• GIVEN INFORMATION
--------------------

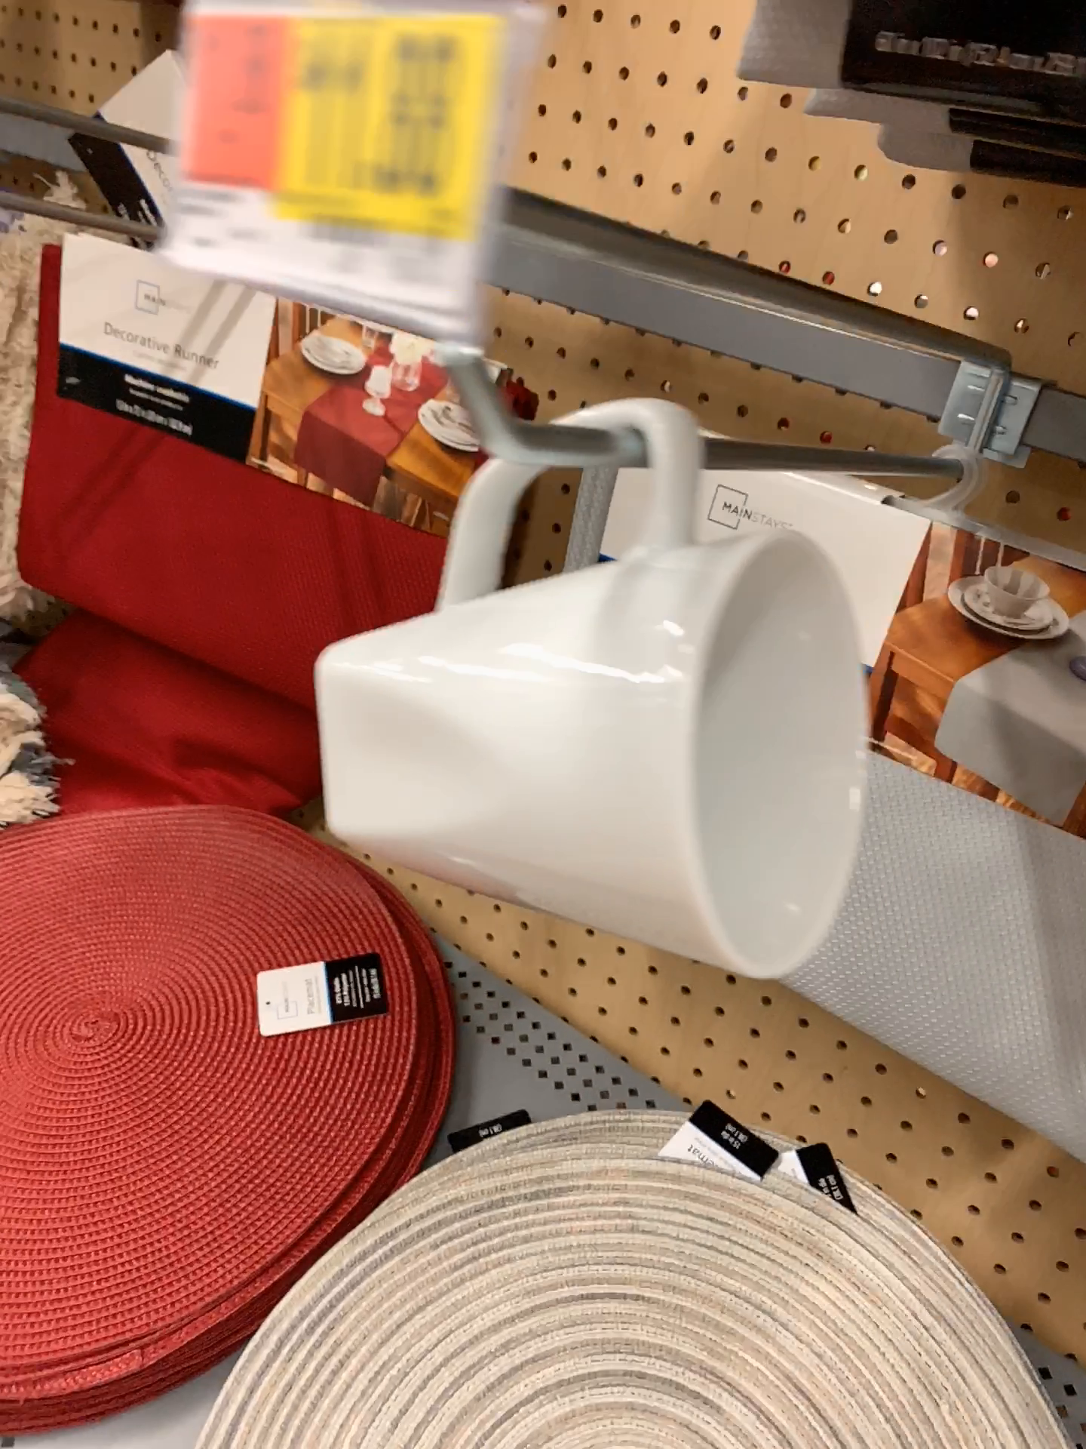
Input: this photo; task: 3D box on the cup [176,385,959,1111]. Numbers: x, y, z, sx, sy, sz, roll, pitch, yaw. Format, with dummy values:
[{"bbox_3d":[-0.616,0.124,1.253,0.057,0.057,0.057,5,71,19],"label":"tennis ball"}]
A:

--------------------

• WORK TO BE COMPLETED
Write out all the material verbatim, images excluded.

• TASK RESULT
Input: this photo; task: 3D box on the cup [176,385,959,1111]. Numbers: x, y, z, sx, sy, sz, roll, pitch, yaw. Format, with dummy values:
[{"bbox_3d":[-0.616,0.124,1.253,0.057,0.057,0.057,5,71,19],"label":"tennis ball"}]
A:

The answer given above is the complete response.